Xeon Woodcrest Preys On Opteron

Page 8 of 11:

Advanced Smart Cache

The unified L2 cache probably is the feature that is mentioned first. It allows for a large L2 cache to be shared by two processing cores (2 MB or 4 MB). Caching can be more effective because data is no longer stored twice into different L2 caches any more (no replication). The full L2 cache is highly dynamic and can adapt to each core's load, which means that one single core may allocate 100% of the L2 cache area dynamically if this is required (on a line by line basis).
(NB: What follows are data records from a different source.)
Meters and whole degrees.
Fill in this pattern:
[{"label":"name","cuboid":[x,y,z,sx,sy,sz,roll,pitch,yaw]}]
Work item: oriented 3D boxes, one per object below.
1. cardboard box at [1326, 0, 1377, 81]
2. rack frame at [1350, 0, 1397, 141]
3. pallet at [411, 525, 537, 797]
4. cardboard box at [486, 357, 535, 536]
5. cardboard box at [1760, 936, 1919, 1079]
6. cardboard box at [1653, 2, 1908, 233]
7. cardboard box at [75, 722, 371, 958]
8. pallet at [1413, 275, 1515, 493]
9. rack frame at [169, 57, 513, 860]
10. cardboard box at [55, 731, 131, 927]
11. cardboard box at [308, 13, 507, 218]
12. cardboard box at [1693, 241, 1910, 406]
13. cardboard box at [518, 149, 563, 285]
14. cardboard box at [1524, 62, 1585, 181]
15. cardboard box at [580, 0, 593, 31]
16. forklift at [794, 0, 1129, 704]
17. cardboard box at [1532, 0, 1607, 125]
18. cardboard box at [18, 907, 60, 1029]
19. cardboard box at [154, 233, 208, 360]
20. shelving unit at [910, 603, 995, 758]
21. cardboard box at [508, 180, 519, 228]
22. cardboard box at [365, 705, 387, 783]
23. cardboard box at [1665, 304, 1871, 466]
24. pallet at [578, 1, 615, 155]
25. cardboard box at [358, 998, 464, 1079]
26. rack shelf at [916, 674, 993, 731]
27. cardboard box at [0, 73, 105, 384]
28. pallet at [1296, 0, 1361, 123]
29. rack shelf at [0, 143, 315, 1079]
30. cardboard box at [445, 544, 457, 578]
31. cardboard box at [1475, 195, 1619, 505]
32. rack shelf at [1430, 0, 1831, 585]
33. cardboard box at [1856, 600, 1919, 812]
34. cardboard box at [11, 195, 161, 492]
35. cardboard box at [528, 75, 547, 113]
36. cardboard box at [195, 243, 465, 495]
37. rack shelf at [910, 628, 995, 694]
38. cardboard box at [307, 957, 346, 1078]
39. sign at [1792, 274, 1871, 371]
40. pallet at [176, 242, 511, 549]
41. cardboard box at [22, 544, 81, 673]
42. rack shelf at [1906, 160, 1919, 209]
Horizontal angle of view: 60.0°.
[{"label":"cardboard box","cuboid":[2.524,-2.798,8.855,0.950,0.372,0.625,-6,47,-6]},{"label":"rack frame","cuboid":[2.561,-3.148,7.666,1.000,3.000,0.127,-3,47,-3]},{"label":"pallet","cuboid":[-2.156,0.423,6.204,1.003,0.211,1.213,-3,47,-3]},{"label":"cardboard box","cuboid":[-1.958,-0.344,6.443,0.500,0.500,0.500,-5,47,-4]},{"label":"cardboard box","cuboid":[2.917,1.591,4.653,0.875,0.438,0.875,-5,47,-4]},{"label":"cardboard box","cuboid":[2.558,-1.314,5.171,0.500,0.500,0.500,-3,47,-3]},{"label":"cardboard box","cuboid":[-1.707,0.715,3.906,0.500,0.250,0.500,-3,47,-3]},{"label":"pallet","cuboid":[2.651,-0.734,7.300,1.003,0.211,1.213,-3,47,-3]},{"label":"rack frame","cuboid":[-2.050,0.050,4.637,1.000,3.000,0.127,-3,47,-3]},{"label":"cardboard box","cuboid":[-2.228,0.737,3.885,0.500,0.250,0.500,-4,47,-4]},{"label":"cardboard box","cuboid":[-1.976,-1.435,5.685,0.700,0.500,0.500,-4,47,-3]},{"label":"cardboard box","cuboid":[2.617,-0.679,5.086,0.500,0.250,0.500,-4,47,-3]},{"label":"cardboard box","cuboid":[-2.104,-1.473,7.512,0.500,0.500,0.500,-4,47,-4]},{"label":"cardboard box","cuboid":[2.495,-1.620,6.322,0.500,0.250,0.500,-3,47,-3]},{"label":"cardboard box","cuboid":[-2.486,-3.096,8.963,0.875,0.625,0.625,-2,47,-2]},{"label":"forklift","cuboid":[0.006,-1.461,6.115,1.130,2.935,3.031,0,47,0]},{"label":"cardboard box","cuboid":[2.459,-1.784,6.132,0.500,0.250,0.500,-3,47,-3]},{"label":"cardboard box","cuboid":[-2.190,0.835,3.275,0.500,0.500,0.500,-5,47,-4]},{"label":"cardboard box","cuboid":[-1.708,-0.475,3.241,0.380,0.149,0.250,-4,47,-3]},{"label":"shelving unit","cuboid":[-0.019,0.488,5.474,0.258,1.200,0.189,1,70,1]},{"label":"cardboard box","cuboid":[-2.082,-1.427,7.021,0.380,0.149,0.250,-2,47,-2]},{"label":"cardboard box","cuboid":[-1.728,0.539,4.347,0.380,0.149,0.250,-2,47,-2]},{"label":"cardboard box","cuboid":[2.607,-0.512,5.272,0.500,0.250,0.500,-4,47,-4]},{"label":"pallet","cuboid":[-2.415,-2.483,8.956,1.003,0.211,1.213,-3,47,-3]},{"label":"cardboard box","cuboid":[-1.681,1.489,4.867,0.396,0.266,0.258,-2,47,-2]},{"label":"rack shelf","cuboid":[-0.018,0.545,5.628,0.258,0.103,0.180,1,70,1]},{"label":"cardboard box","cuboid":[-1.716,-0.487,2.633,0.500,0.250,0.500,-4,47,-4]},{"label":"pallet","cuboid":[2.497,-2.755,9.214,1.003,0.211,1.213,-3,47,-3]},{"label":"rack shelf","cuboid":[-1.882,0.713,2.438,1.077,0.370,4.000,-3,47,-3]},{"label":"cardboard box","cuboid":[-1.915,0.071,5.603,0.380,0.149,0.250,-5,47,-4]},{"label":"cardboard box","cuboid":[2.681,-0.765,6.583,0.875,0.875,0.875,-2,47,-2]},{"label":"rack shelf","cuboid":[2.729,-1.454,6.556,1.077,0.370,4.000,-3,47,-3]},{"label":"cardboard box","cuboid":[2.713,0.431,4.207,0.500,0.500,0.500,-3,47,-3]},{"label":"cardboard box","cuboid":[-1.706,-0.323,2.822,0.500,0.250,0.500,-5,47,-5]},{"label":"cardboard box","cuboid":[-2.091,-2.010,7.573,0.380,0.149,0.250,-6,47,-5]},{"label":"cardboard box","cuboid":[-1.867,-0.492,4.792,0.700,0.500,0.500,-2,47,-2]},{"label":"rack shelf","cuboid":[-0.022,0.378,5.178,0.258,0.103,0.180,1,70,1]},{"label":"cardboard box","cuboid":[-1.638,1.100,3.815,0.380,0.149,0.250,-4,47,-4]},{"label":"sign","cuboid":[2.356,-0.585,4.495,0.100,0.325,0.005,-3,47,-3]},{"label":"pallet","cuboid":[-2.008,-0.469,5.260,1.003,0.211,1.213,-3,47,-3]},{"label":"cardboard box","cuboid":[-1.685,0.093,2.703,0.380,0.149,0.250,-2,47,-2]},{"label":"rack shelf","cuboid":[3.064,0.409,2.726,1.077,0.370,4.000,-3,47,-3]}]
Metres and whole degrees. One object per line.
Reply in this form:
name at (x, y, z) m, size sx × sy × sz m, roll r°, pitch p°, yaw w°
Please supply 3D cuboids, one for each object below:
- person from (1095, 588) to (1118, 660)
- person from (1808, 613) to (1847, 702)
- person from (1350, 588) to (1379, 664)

Sharing data also is more efficient now, because no front side bus load is generated while reading or writing into the cache (which is the case with the Pentium D), and there is no stalling when both cores are trying to access it. A good example that shows the advantages in multi-threaded environments is one core writing data into the cache, while the other may read something else at the same time. Cache misses are reduced, latency goes down, and access by itself also is faster now, because the Front Side Bus definitely was a limiting factor.

Smart Memory Access

After developing a clearly more efficient processing architecture and a powerful L2 cache, Intel wanted to make sure that these units get used as efficiently as possible. Each Core dual-core processor comes with a total of eight prefetcher units: two data and one instruction prefetcher per core and two prefetchers as part of the shared L2 cache. Intel says they can be fine-tuned for each of the Core processor models (Merom/Conroe/Woodcrest) in order to prefetch data differently, whether it is for mobile-, desktop- or server-class usage models.

A prefetcher gets data into a higher level unit using very speculative algorithms. It is designed to provide data that is very likely to be requested soon, which can reduce latency and increase efficiency. The memory prefetchers constantly have a look at memory access patterns, trying to predict if there is something they could move into the L2 cache - just in case that data could be requested next. At the same time, prefetchers are highly tuned to watch for demand traffic, which can be a sequential data flow. In this case, prefetched caching would not make much sense.